Traders got hit with a geopolitical haymaker Thursday night.

Crude oil surged over 9%, marking its biggest single-day move in nearly five years after Israel launched a surprise military operation targeting Iran’s nuclear and missile infrastructure. The West Texas Intermediate (WTI) crude ripped higher to $74.64, while Brent soared to $75.79 per barrel. That’s not just a pop, that’s a warning flare to every energy trader on the planet.
So, what exactly happened? And how much of this rally is panic, premium, or something more lasting?
Here’s what you should know:
1. The Strike Heard Around the Markets
‼️‼️‼️ “We struck at the heart of Iran’s nuclear enrichment program and its efforts to acquire nuclear weapons — we hit Iran’s main enrichment facility in Natanz.
We also targeted Iran’s leading nuclear scientists, those working on bomb development, and who formed the core of
— #Visioner (#@visionergeo)
4:36 AM • Jun 13, 2025
Israeli Prime Minister Benjamin Netanyahu confirmed the military operation, stating that it targeted Iran’s Natanz enrichment facility, key nuclear scientists, and ballistic missile assets.

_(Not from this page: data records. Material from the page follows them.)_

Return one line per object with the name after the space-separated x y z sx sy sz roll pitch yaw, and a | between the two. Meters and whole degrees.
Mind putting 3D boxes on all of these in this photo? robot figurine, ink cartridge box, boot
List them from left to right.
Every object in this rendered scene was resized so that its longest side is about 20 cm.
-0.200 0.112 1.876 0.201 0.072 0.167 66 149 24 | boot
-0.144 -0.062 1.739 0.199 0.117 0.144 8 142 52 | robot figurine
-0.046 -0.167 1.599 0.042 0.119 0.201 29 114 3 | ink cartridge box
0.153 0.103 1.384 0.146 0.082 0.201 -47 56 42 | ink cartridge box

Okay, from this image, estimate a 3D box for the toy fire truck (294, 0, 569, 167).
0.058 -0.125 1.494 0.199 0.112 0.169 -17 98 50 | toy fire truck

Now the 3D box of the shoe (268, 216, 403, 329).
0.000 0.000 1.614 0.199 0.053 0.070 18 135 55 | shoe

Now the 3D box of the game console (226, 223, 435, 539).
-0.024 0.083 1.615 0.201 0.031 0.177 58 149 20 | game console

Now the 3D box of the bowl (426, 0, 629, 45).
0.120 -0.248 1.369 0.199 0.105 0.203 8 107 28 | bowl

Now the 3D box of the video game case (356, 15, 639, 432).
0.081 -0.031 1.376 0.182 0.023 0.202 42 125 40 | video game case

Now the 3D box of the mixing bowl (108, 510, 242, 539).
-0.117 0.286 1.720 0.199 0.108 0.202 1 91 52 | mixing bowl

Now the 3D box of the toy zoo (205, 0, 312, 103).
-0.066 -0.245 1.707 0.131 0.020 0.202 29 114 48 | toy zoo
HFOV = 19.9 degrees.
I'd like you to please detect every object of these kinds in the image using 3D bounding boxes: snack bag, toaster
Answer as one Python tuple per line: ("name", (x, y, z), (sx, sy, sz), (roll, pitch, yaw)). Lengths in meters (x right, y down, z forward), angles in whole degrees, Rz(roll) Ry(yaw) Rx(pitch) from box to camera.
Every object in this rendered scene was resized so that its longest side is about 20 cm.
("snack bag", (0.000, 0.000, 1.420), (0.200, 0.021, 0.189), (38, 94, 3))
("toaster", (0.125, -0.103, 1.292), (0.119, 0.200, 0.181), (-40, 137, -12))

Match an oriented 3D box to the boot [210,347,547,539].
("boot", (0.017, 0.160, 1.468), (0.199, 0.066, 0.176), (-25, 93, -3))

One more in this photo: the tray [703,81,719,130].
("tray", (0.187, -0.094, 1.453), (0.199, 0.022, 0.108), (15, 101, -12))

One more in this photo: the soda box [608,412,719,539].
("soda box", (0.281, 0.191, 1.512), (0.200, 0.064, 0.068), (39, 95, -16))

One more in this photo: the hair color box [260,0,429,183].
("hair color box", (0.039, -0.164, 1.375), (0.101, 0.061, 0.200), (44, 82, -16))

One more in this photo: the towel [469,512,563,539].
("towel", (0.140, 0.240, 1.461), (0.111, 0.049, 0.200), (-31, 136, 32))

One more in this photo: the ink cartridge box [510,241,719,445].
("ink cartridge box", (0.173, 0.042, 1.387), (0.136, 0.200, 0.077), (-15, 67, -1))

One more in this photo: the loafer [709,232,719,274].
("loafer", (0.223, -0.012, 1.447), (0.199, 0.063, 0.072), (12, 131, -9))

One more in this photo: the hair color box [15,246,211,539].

His message was clear: "This operation will continue for as many days as it takes to remove this threat."
This wasn’t a symbolic move, it was direct, targeted, and far-reaching. Markets responded accordingly.
2. No U.S. Backing, But Plenty of Fallout

U.S. Secretary of State Marco Rubio made it clear: the U.S. had no hand in the strikes. "Our top priority is protecting American forces in the region," he said. Still, the optics are messy. Iran might not split hairs when retaliating.
Israel has since declared a special state of emergency. Tensions are sky-high as Iran weighs its next move. Iranian media reported the death of IRGC Commander Hossein Salami in the strikes, an escalation flashpoint if confirmed.
3. What Traders Are Pricing In Now

The oil rally isn’t just about the damage done. It’s about the risk of what’s coming next. As Andy Lipow of Lipow Oil Associates puts it, any retaliation from Iran targeting U.S. or Israeli interests could lead to a supply shock. And in a tight oil market, even a small disruption sends prices vertical.
Iran’s position in the Strait of Hormuz, through which about 20% of global oil passes, makes this more than a Middle Eastern conflict. It's a global energy security threat.
4. The Political Undercurrent

Here’s where it gets tricky. Trump’s administration has been riding the narrative of low fuel prices as a political win. An oil price surge is bad optics in an election year. If Iran retaliates and energy prices spiral, that political pressure could weigh on future U.S. actions, or lack thereof.
As Lipow bluntly put it: "Iran knows full well that President Donald Trump is focused on lower energy prices."
5. This Isn’t Just Noise, It’s a Shift

Markets have been lulled into ignoring geopolitical risk. But this move by Israel, and the potential retaliatory dominoes it could trigger, just re-priced the risk premium overnight.
Saul Kavonic from MST Marquee summed it up best: this is a "wake-up call." The possibility of escalation is real. If Iran hits back and the U.S. gets pulled in, we’re no longer talking about sentiment moves,we’re talking about structural shocks.
Here’s the takeaway
This isn’t your typical headline-driven pump and dump. The oil spike is grounded in real, developing risk. Us traders should keep eyes locked on Middle East headlines and watch volume for signs of real positioning.
In this kind of market, optionality beats prediction. Manage exposure, hedge with intent, and remember: it only takes one spark to ignite a breakout.